### How to complete this task
Below are records; reproduce exactly the lines from the one that has "subtitle Session End [118, 908, 1122, 936]" through the one that has "subtitle Error Reporting", ends included, and nothing more.

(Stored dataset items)

Start of Block

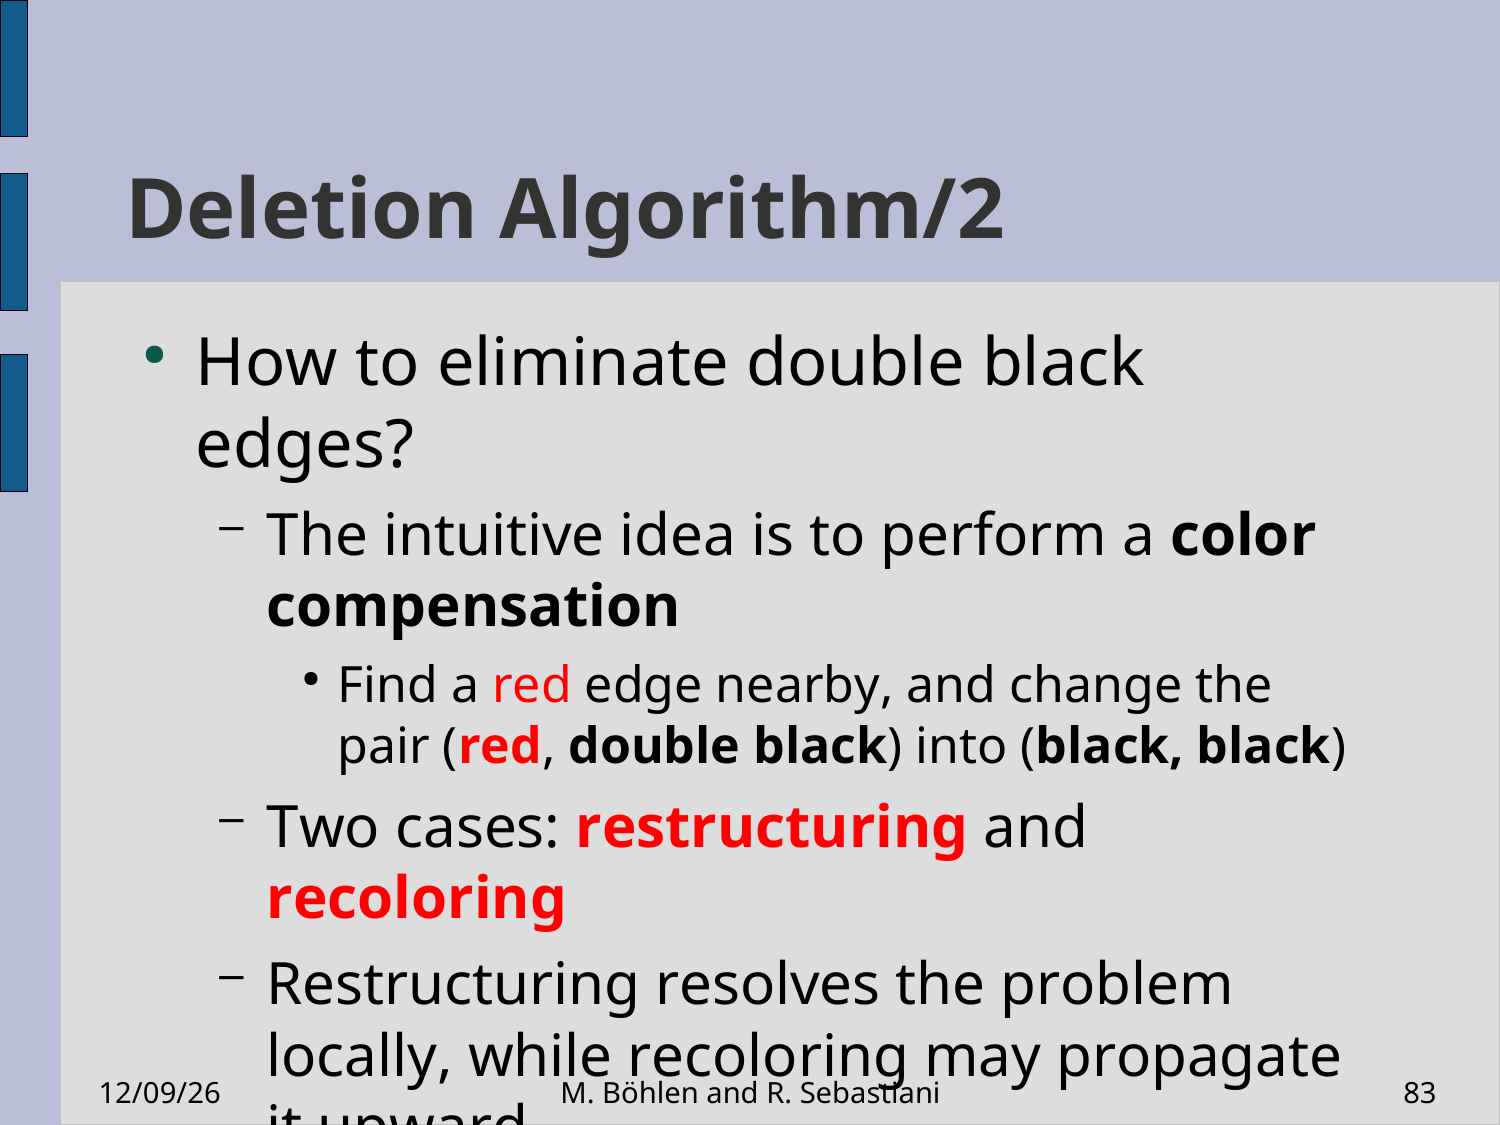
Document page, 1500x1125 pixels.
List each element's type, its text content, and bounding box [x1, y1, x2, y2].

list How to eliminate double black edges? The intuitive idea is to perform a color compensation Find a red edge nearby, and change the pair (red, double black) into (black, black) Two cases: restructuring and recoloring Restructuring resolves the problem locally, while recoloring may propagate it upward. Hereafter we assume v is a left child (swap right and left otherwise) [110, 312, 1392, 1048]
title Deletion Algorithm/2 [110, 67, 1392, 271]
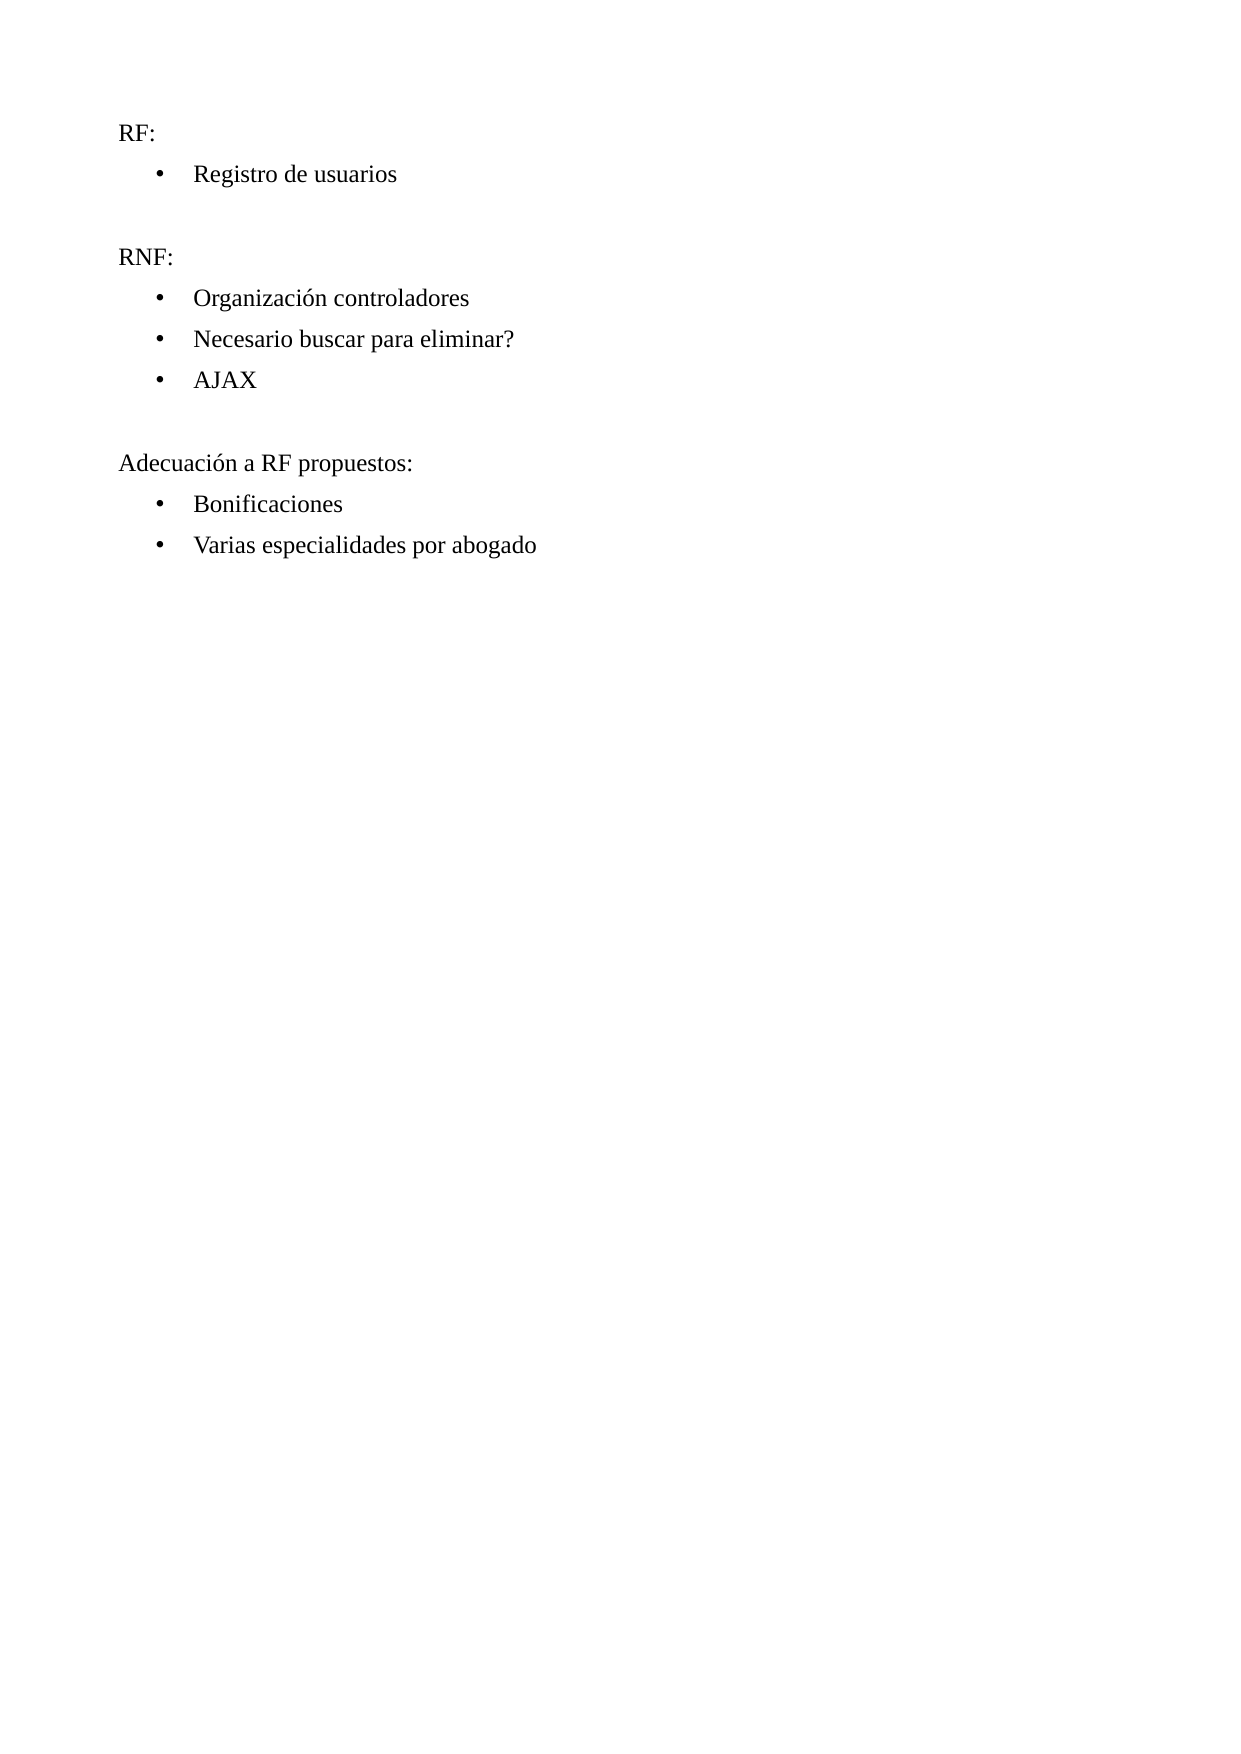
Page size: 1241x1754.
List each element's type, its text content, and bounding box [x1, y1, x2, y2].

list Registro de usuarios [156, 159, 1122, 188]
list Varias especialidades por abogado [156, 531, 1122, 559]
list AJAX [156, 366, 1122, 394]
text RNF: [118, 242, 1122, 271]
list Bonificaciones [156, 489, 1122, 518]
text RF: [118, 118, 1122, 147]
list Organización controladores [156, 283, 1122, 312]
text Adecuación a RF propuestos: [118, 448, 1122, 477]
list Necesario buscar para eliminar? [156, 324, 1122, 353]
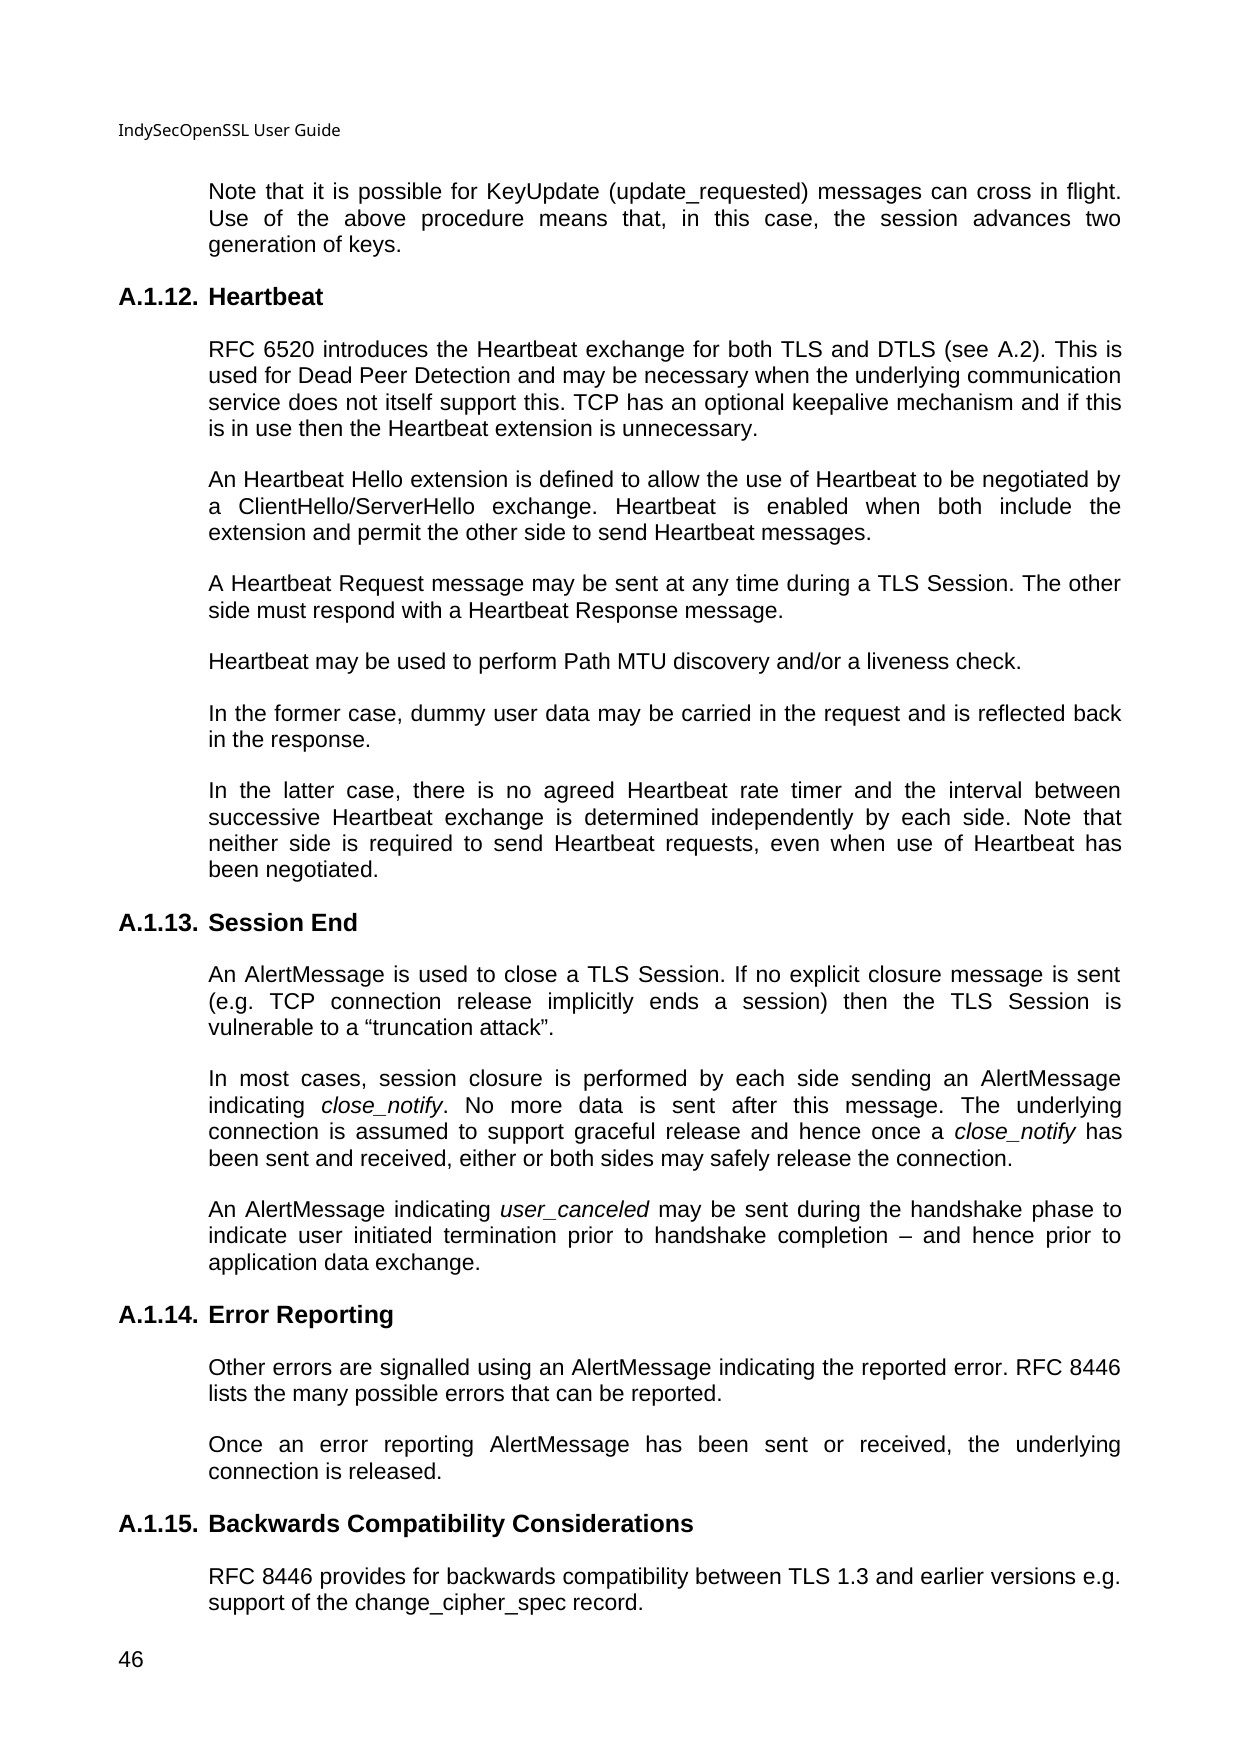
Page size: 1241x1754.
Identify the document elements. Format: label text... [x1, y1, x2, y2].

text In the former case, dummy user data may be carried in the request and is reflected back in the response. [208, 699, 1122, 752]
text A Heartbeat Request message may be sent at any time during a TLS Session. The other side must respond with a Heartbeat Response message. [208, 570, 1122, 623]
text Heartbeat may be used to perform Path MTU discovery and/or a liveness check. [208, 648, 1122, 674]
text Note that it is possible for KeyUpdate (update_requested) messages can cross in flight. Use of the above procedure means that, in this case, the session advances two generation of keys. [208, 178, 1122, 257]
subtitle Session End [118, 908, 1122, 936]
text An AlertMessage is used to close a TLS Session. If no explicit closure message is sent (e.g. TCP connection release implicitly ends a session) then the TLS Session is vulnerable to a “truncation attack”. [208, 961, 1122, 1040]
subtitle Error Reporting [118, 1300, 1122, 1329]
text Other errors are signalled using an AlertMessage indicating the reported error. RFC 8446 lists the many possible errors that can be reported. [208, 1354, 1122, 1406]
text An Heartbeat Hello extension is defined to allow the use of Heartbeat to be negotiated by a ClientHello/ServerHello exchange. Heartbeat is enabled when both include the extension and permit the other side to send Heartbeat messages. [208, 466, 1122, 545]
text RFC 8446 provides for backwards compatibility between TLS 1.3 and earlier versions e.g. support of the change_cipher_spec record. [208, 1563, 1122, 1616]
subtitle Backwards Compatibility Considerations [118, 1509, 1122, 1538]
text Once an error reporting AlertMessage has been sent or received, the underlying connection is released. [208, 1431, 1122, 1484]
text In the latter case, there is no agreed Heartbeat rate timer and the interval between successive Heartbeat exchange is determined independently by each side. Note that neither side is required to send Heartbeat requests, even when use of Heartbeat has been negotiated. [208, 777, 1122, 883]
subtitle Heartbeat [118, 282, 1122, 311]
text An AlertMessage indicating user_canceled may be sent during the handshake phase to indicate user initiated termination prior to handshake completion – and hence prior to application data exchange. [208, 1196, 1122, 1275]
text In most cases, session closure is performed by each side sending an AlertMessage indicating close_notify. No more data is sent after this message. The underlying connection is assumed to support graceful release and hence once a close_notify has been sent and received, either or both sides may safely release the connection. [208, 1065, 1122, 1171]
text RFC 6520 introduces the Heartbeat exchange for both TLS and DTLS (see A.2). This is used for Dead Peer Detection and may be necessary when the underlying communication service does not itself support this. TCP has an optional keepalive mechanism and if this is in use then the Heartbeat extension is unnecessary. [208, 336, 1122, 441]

End of Block

### Exercise answer
subtitle Session End [118, 908, 1122, 936]
text An AlertMessage is used to close a TLS Session. If no explicit closure message is sent (e.g. TCP connection release implicitly ends a session) then the TLS Session is vulnerable to a “truncation attack”. [208, 961, 1122, 1040]
subtitle Error Reporting [118, 1300, 1122, 1329]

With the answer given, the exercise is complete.